This certain mix of learning, experience, and a foolhardy ignorance of how little of either you really have makes it easy to blame big things for little problems. Then, of course, I considered myself insightful. I got it. I understood the world. So I did what all enlightened young adults do: I moved to Brooklyn.

I threw myself a big goodbye party and bragged about my grand plans and I flew up for a week to look for a place to live. My first night, I slept at a Days Inn in Sunset Park and I couldn’t figure out how to turn on the shower and I was too embarrassed to ask the front desk so I splashed myself with water from the tub’s faucet because I didn’t trust the tub to be clean, not really, and I’m not the kind of guy to take a bath anyway. Eventually I found a place in Greenpoint, subletting from a guitarist in a band I had vaguely heard of—a fact that gave me great pleasure.

I spent about a month in the city roaming in the same peripatetic way I roamed Chapel Hill but feeling much more lost and therefore much better about myself. I felt like I was doing exactly what a person in my place—that is to say, progressive, educated, and unemployed—should be doing. I overpaid for a bike and used it to see shows and museums and parks and to listen to the Pavement reunion tour from a rock in Central Park. I tried to counterprotest the protest against the mosque being built across from the World Trade Center, but found nothing, so I went to see the new Freedom Tower but could only see construction site fences. I got a job as an organizer and I quit halfway through my first day for principled reasons that were mostly true. I tried to work on a farm in Vermont owned by a glassblower who had known Warhol in a previous life and who designed the MTV movie awards statue—I went there for a long trial weekend to meet the family and it was quiet and I appreciated the stars I had always been able to see in Chapel Hill but that had been vacant in Brooklyn and it was like no other place I’d ever been and I never went back. I kept a blog that my friends actually read and liked, or so they told me. When my sublease ended I visited my aunt and uncle in suburban Connecticut and I felt loved and welcomed and I realized that I was deeply, deeply unhappy. I wanted to go home, but I didn’t know what that meant.

 

3.

In retrospect, it seems like the process of growing up is the process of recognizing that your ideas are not your own. Your dreams are adaptations of things you’ve seen and internalized, repainted to trick yourself into imagining their originality, changing them into something you’ve convinced yourself is a part of you and erasing their origins.

I realize this because when my Brooklyn move failed, I doubled down on stereotypical depressed, privileged young white guy activities and decided to wander the country.

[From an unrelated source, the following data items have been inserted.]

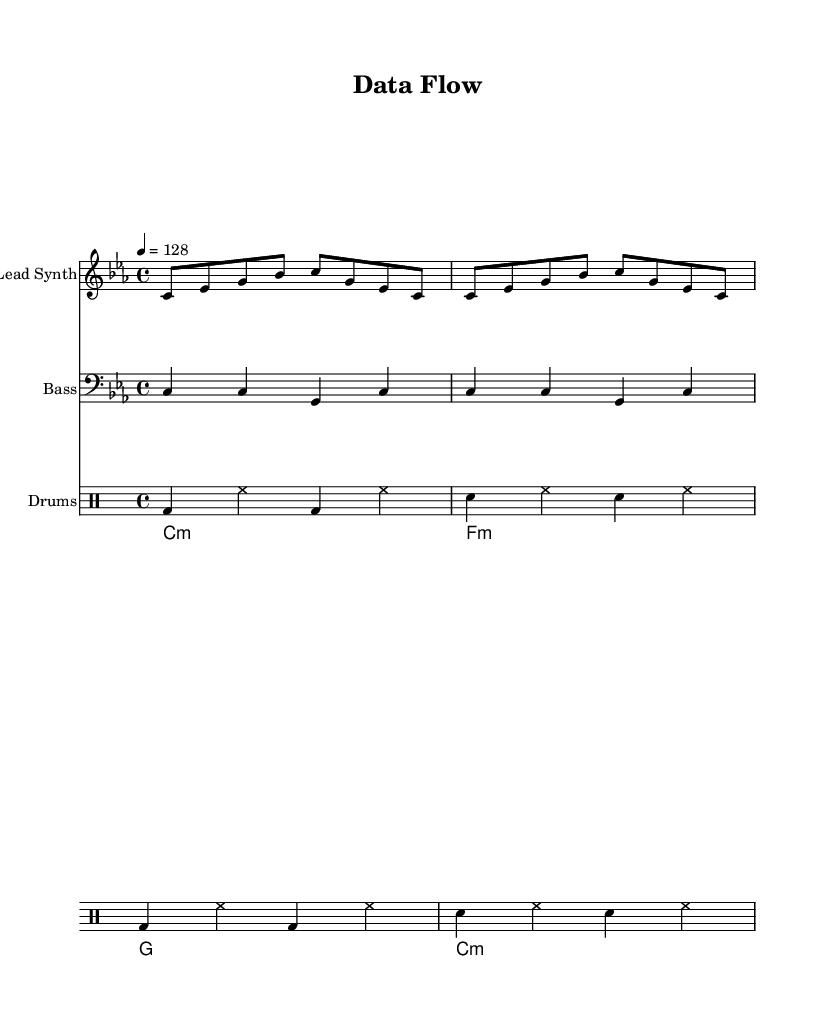What is the key signature of this music? The key signature is C minor, which consists of three flats (B♭, E♭, and A♭). This information can be found at the beginning of the staff.
Answer: C minor What is the time signature of this music? The time signature is located at the beginning of the sheet music and shows a 4 over 4, indicating that there are four beats per measure.
Answer: 4/4 What is the tempo marking of this music? The tempo marking indicates a speed of 128 beats per minute, which is specified in the tempo instruction at the beginning of the score.
Answer: 128 How many measures are in the lead synth part? The lead synth part has 4 measures, which is evident from counting the repeated sections that form the complete phrase.
Answer: 4 What type of chords are used in the pad chords section? The pad chords primarily use minor chords, as indicated by the ":m" notation next to the C, F, and G chords, showing they are minor.
Answer: Minor How many different instruments are used in this piece of music? There are three different instruments notated in the score: Lead Synth, Bass, and Drums, each presented on a separate staff.
Answer: 3 What rhythmic pattern is used in the percussion section? The percussion section displays a consistent pattern of bass drum and snare hits, alternating with hi-hat strokes, which can be observed across the repeated measures.
Answer: Alternating bass and snare with hi-hat 
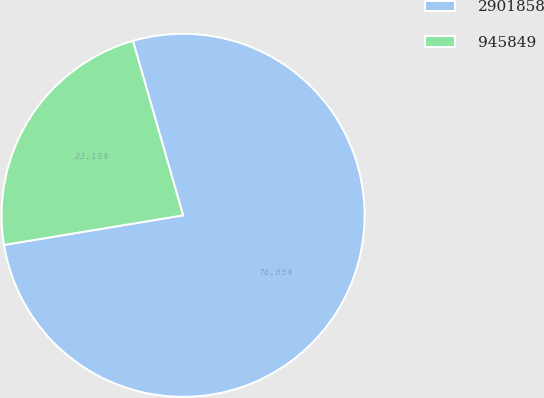Convert chart. <chart><loc_0><loc_0><loc_500><loc_500><pie_chart><fcel>2901858<fcel>945849<nl><fcel>76.85%<fcel>23.15%<nl></chart> 
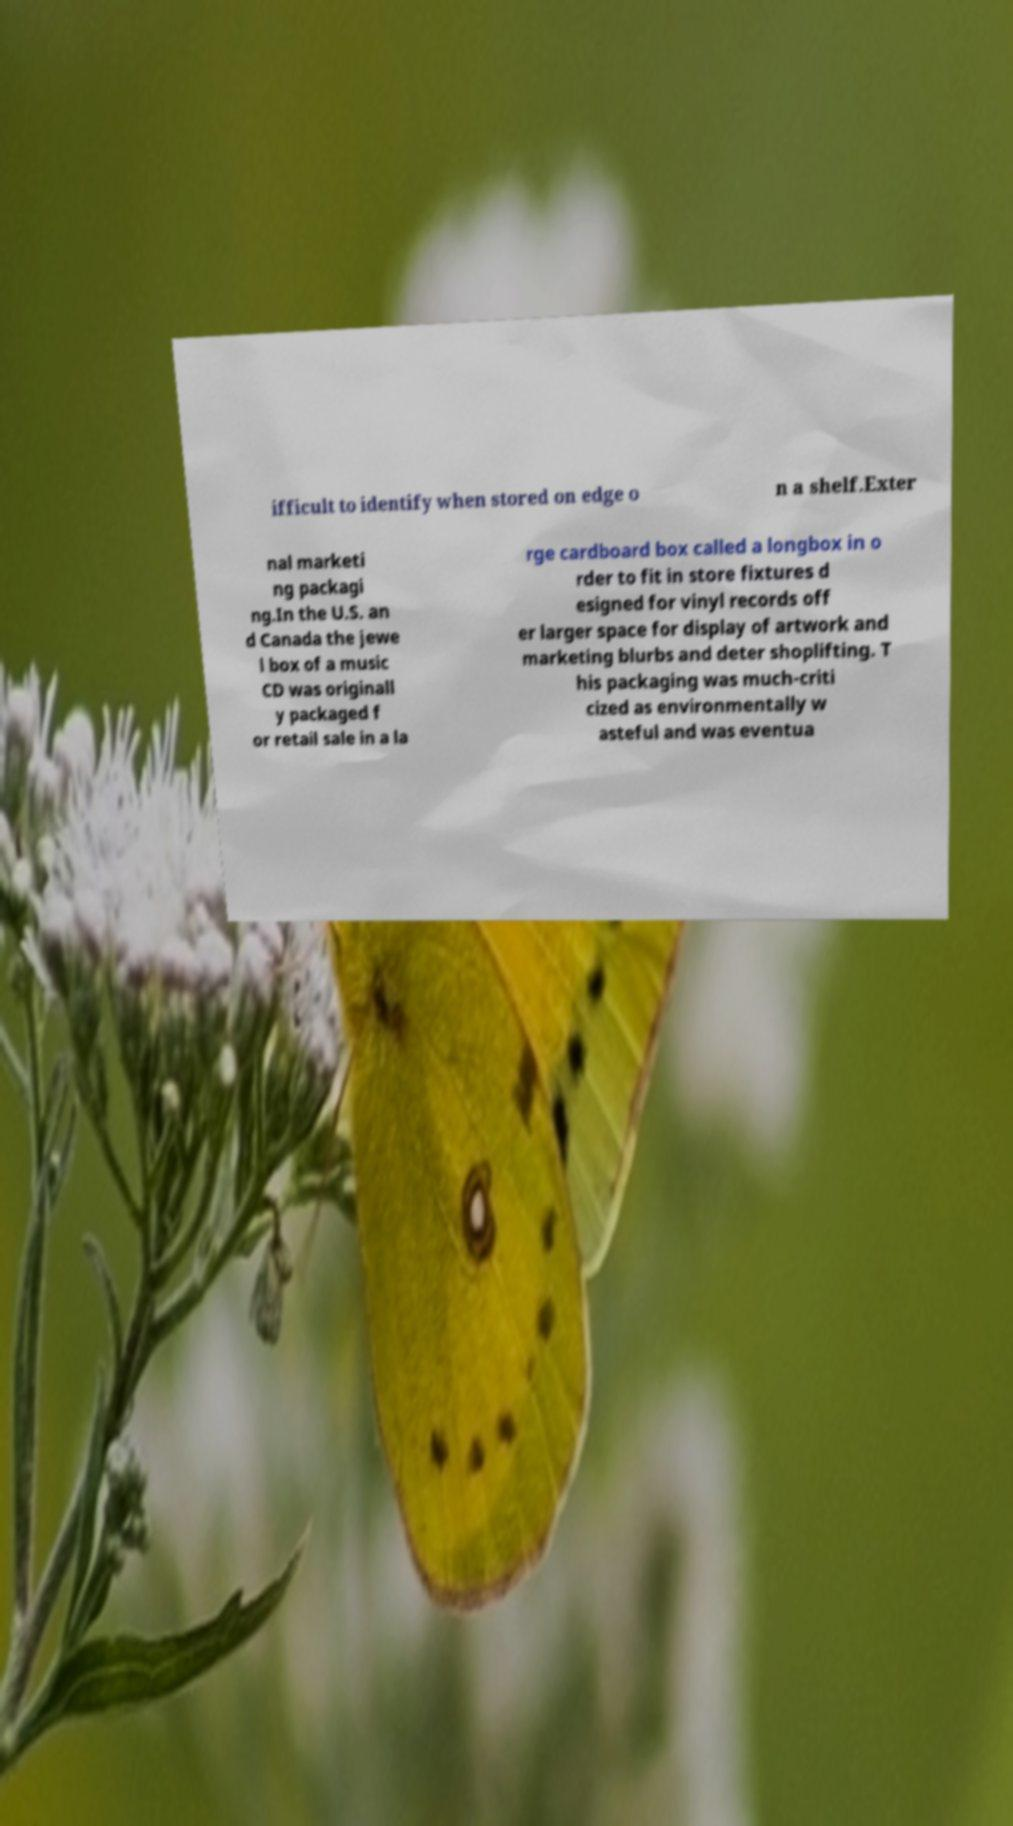Please identify and transcribe the text found in this image. ifficult to identify when stored on edge o n a shelf.Exter nal marketi ng packagi ng.In the U.S. an d Canada the jewe l box of a music CD was originall y packaged f or retail sale in a la rge cardboard box called a longbox in o rder to fit in store fixtures d esigned for vinyl records off er larger space for display of artwork and marketing blurbs and deter shoplifting. T his packaging was much-criti cized as environmentally w asteful and was eventua 
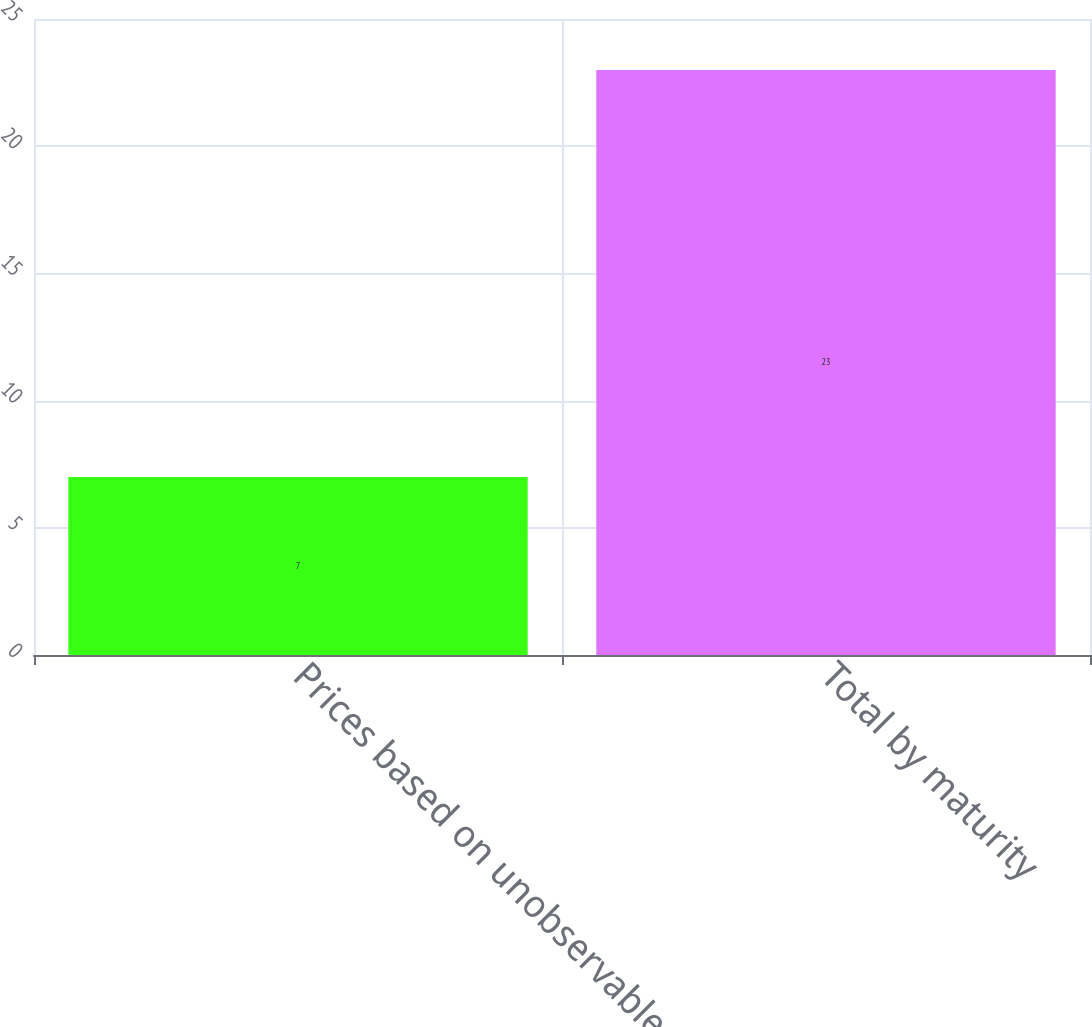<chart> <loc_0><loc_0><loc_500><loc_500><bar_chart><fcel>Prices based on unobservable<fcel>Total by maturity<nl><fcel>7<fcel>23<nl></chart> 
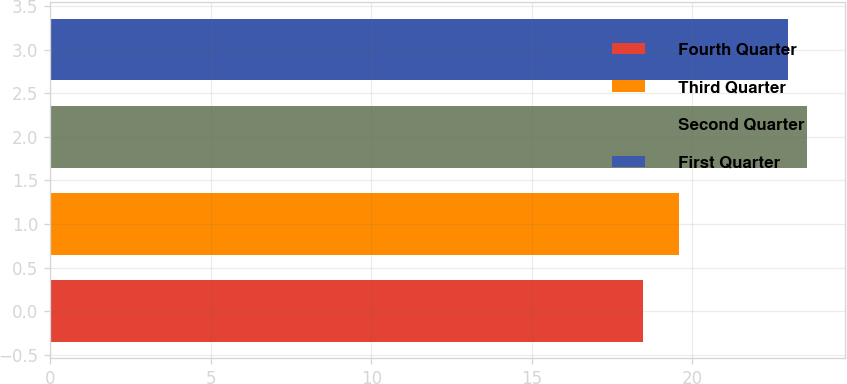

After Brooklyn, I stayed briefly at my parents’ house in Columbia, South Carolina, but I found my pride under assault by the very idea, so I quickly found a sublet in downtown. (I worked to forget the fact that my parents had to help with the first month’s rent.) My new roommates both worked at a pizza place and helped me get a job there too. I thought I would save money for my trip, but the place was owned by a man who had spent five years in jail for faking his own death— he dug up the body of a Mexican man four decades his senior and burned it in his car, trying to pass it off as himself—  and he ran the pizza place in much the same way, so it wasn’t exactly lucrative. But it supplied me with enough cash, plus more people to know, more bodies to fill a room. My roommates and I threw an eviction party and drank moonshine one of their friend’s made and I met one of their girlfriends, a woman named Adrienne. She threw a machete at my foot. I still kept my blog, but no one read it anymore: travel blogs aren’t worth much when you aren’t traveling.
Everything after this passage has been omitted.